Yeah. These instances will be on for two hours and at the end of two hours it’s going to turn off. Anything we do goes completely away. We can always start a new session which is what we’re going to do for those of you who were here earlier today. But we won’t have what you built last time. Tomorrow you can come back and do it again if you want. All right. Is anyone not yet clicked on this lab? Are we all here? Okay, we’ll give you a couple more minutes. I see some hands.
Arno:
One more side note is that these instances are very cheap, right? They’re Amazon throwaway instances that are probably four virtual cores or something, or eight virtual cores. Those are not necessarily the fastest systems to run Driverless experiments, so if you think that it’s not that fast it’s probably because the system is very slow. What you really want is SSD hard drives and you want mainly core CPUs, multi-core, multi-chip, multi-GPU, scale up basically. A fast, single server. That’s usually the best. If you have eight GPUs on it you can do 10s of high-torch NLT models on steroids. If you don’t have GPUs you can still fit Light GPM, actually is no problem, but anything NLP will become really slow unless you do the statistical methods that come out of the box. But any [inaudible] will be slow. Those you have to enable in the product. Once you enable them you really want to make sure you have GPUs, otherwise you’ll wait 100X longer.
Michelle:
All right. Hello to everyone that just walked in and joined us. What we’re going to do firstly before we jump into an overview of recipes is we’re going to go to Aquarium.h2o.ai, make an account, and once you’ve made an account you’re going to click view details on the lab that says David Driverless AI 1.8.0. Looks good. All right.
After you click view details there’s a place where you can start your lab and that’s what we’ll be doing in about 20 minutes after we start with an overview and explaining recipes and all of that. Is there anyone that has not yet made an account or found this lab?
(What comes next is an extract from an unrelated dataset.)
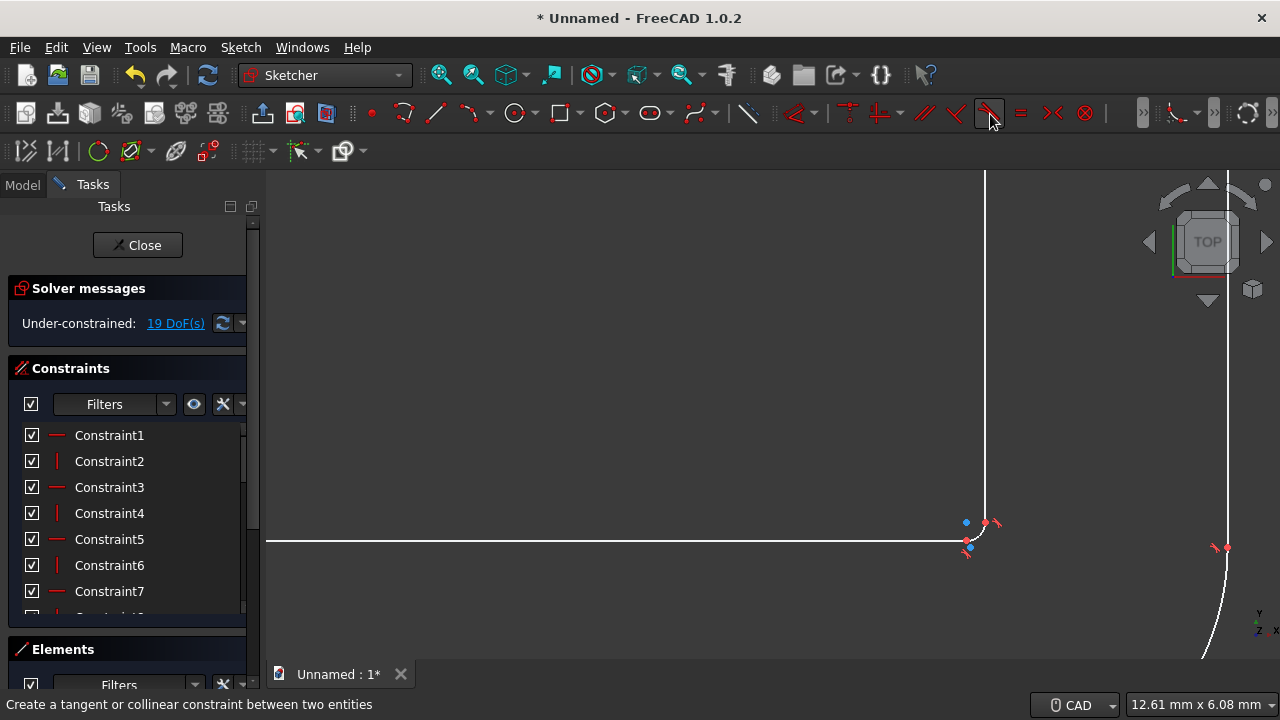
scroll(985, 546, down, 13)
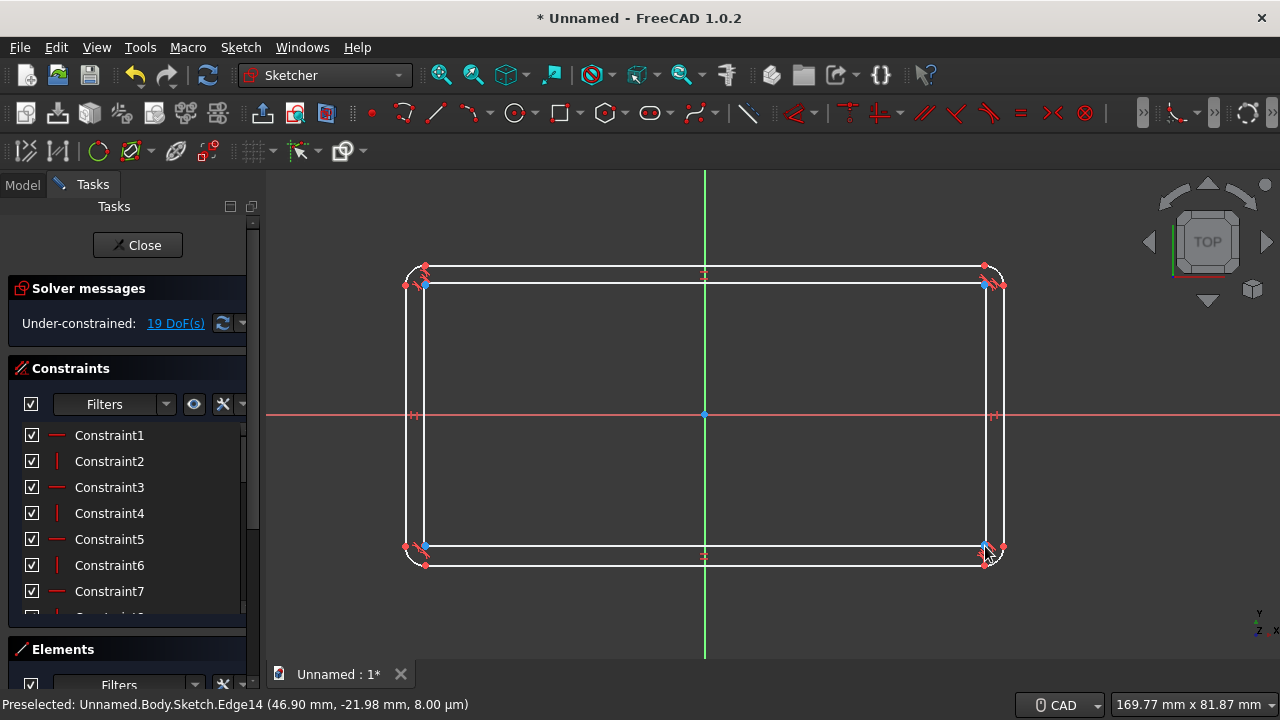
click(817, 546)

Raise your hand now or forever be lost. Okay, cool. We can go ahead and get started then.
What we’re going to talk about today in the make your own AI agenda, we’re going to talk about what custom recipes are, what BYOR is and how it fits into Driverless AI. Then we’ll actually talk about what recipes are. We’ll then together walk through a tutorial of how to use custom recipes. We also have a tutorial on how to write custom recipes which we can talk a little bit about today but probably won’t fit into the session. Then finally we’re going to have some of our experts on the stage to talk about how to write a recipe and give some examples of them.
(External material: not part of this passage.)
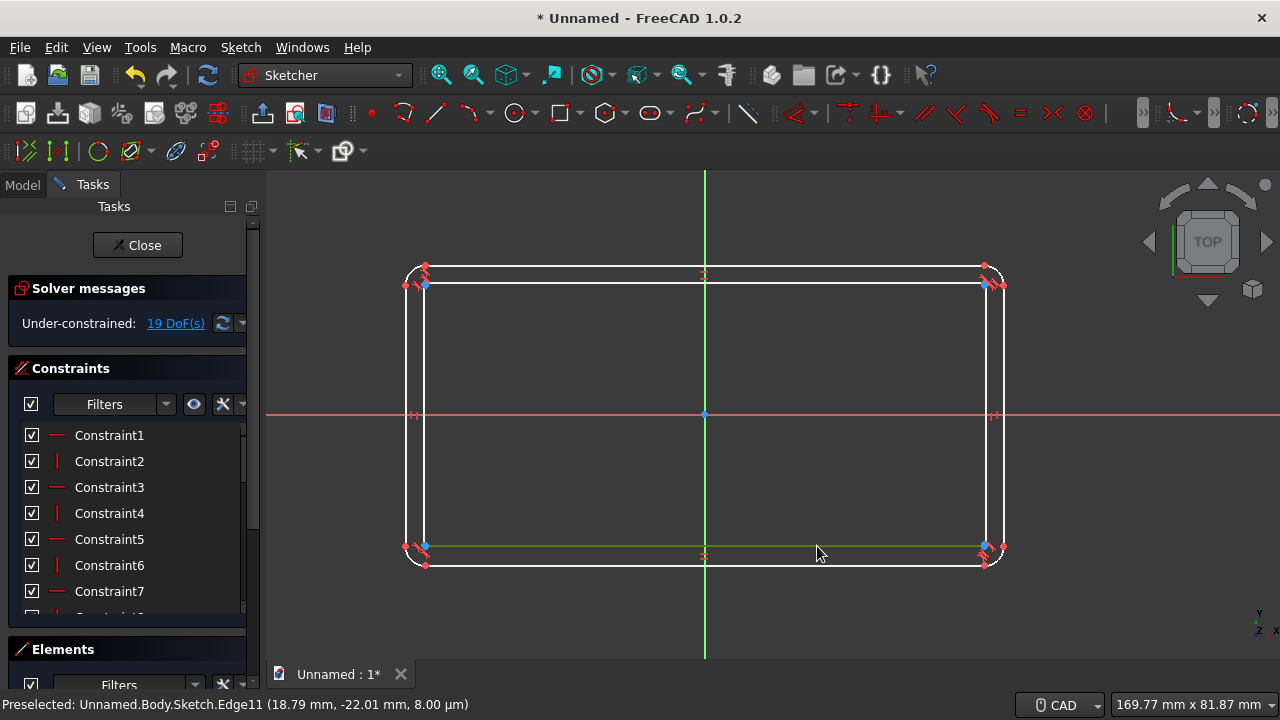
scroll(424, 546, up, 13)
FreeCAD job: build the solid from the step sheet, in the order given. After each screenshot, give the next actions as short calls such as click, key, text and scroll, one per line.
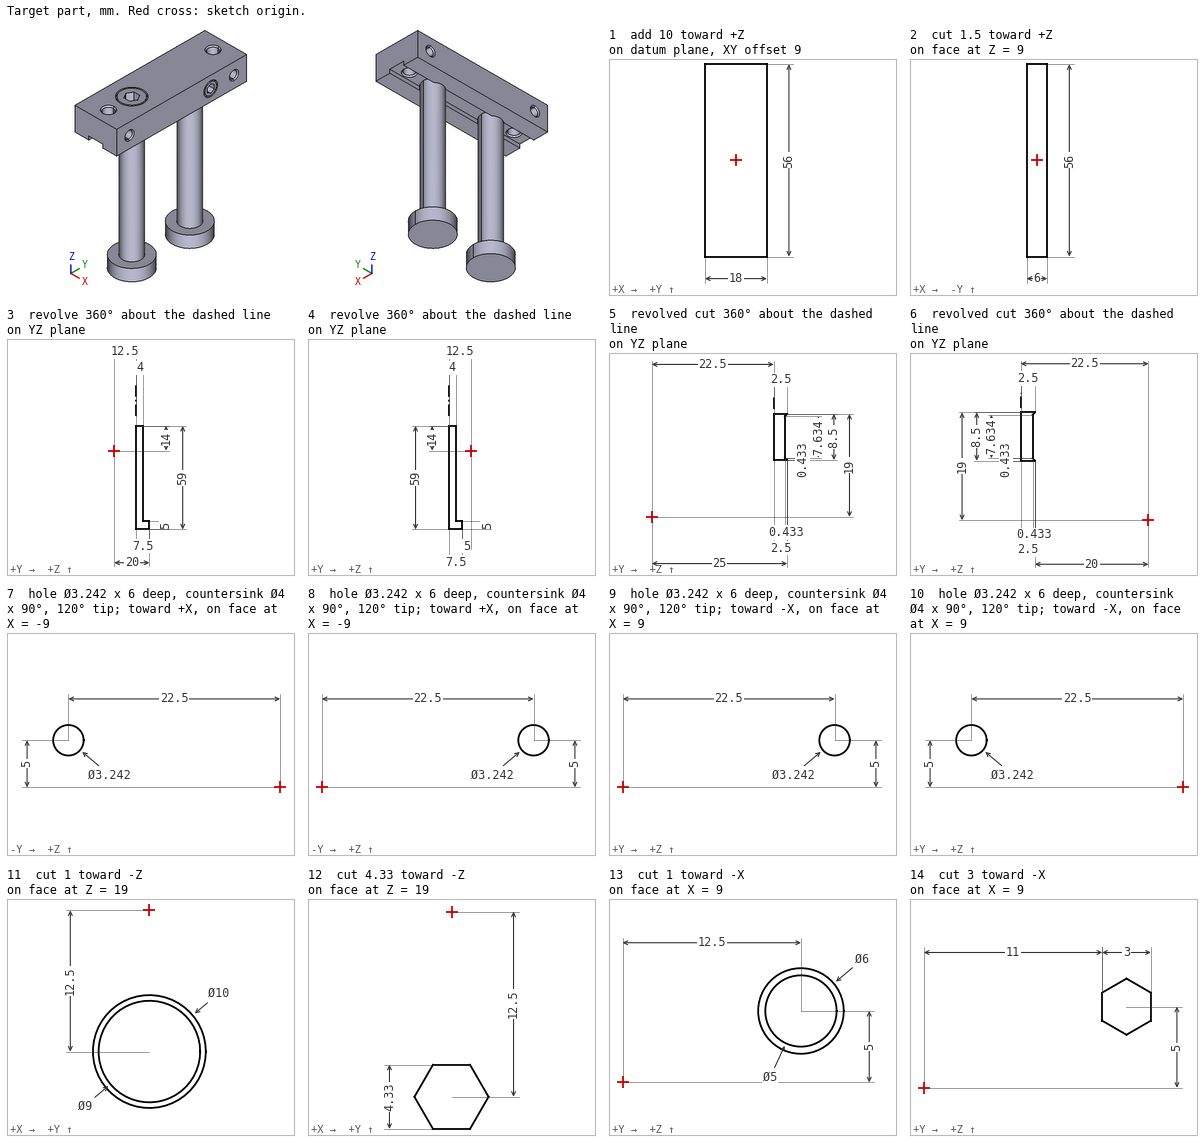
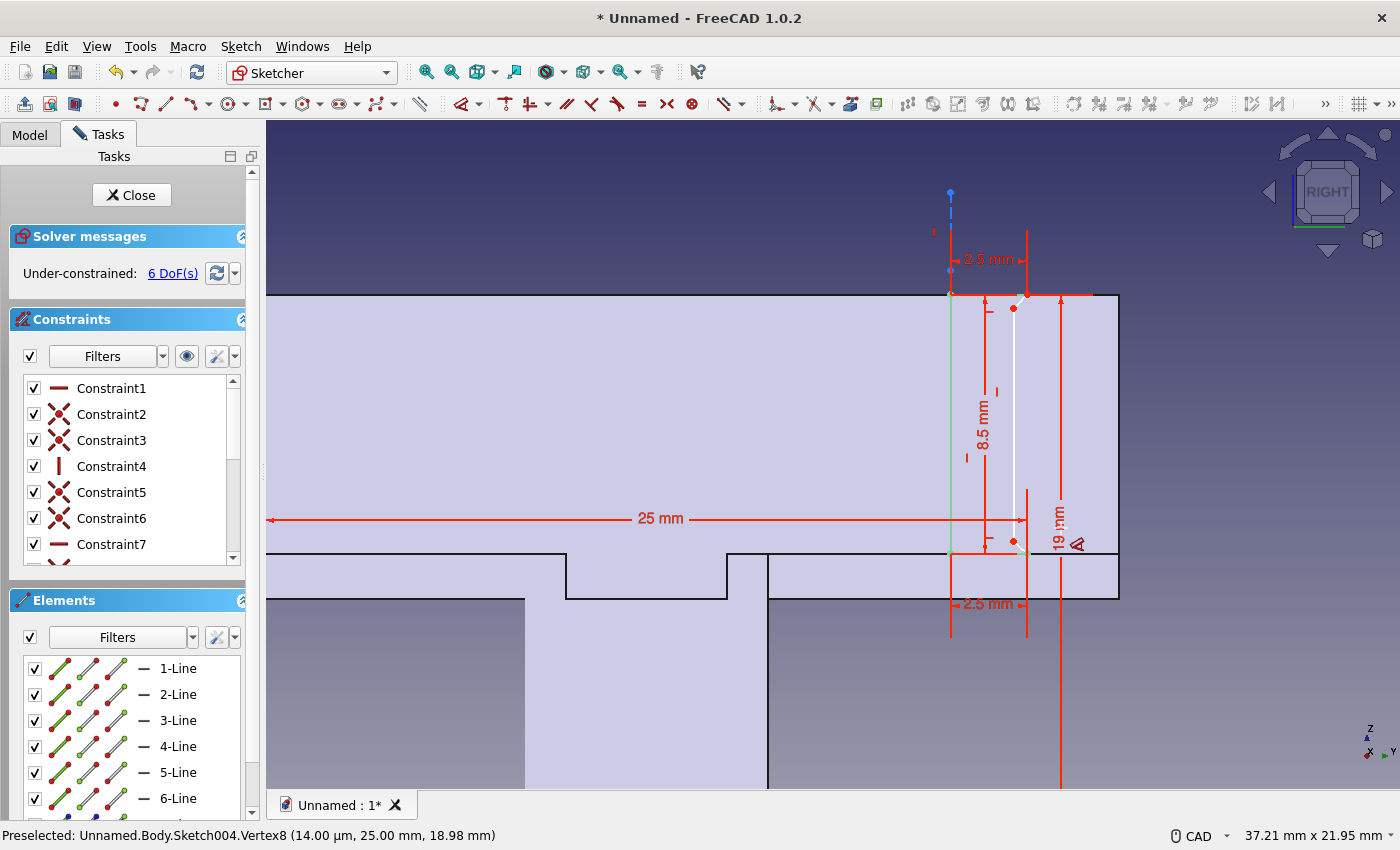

At this point Arno, do you want to give us our intro to recipes? If not, I can keep going. You just mentioned it.
Arno:
I think you can do it just fine.
Michelle:
Okay.
Arno:
I’ll be here for questions.
Michelle:
Awesome, okay. As you’ve probably heard a lot today about Driverless AI it has many key features. This is a platform for automated machine learning that can run in any major cloud or on PRM. We do automatic feature engineering. We build visualizations for exploratory data analysis. We have machine learning interpretability so that you’re not building a black box but you’re actually building a model that you can really understand and explain to your business users. The types of use cases we’re doing are supervised machine learning, so this is things like classification. Will someone churn or not? Or maybe multiclass. Which group does this customer fit into? Then we also do regression and forecasting. So predicting amounts or understanding what are sales going to be in every store for every week for the next three months. In addition to these use cases we can handle text data and we can also take that final model, the Mojo, and deploy it just about anywhere.
What we’re going to really be focusing on today, at this point we’re assuming that you’ve seen Driverless before. You’ve probably used Driverless before and we’re going to be focusing on the bring your own recipes. This is the extensibility where you can add in your own feature engineering, your own models, or your own KPIs or scores in the Driverless AI to help shape and fit your use cases and data even better.
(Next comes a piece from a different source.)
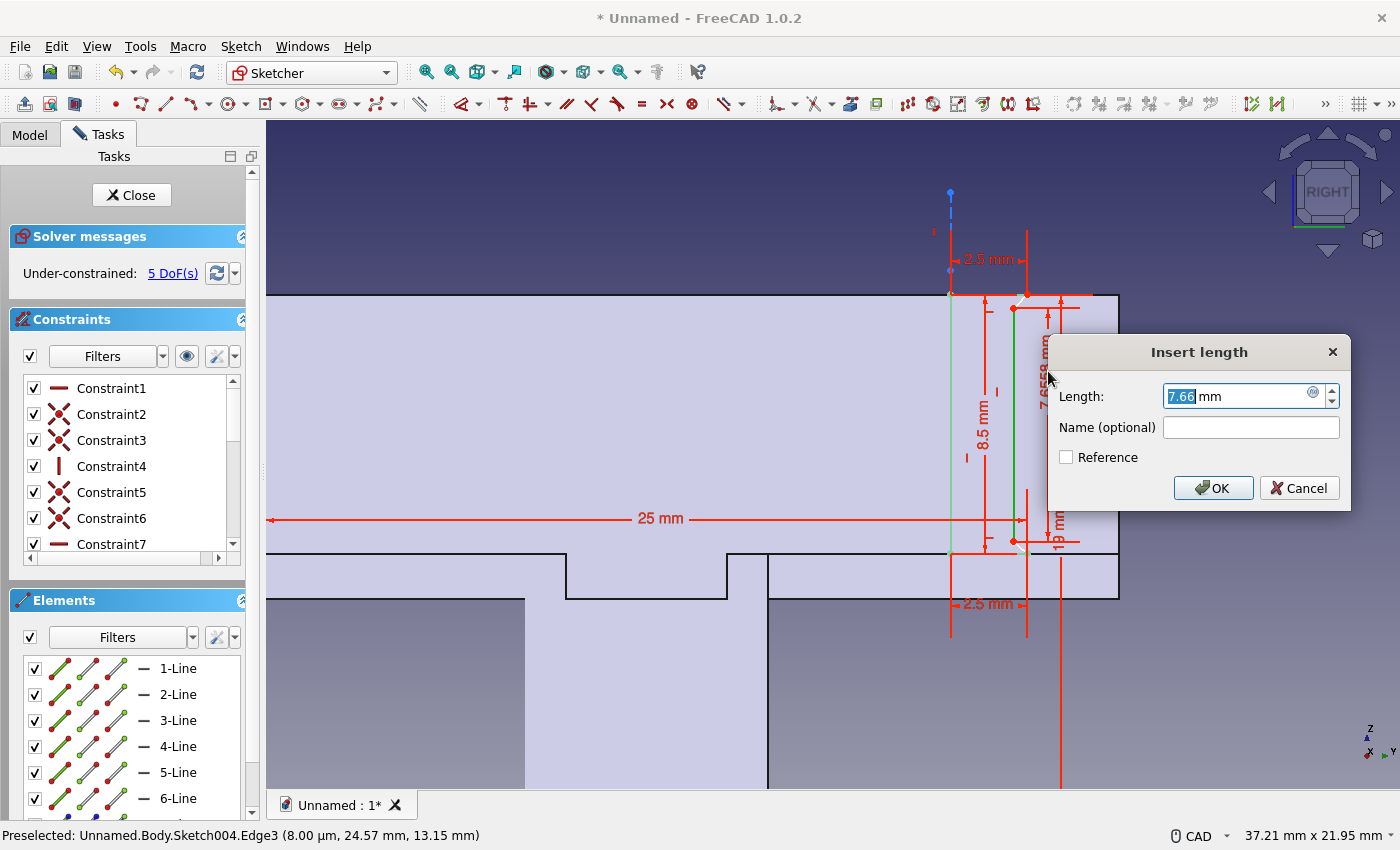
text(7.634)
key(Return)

Driverless AI is an extensible platform that works on many use cases. We were built across industries. It wasn’t built for a specific type of industry or use case and there’s many different types of use cases that we’re helpful with. Some of them are here.
What recipes really helps with is letting you add in your domain expertise, often which might already be written in models or Python scripts, into Driverless. So you can add in your custom recipes to be tested on what we’re doing as well. So we have our highly tested, robust algorithms that work across industries along with your specific business knowledge on your domain.
This is the standard workflow for Driverless AI. We start by bringing in a tabular data set. This can come from basically any SQL data warehouse. Maybe your data is in the cloud, and we bring in the data set. We can do exploratory data analysis using AutoViz. This gives us the common statistical visualizations on every column and combination of columns in our data sets so we can understand that our data is as clean as we’re expecting and that there’s nothing suspicious in it.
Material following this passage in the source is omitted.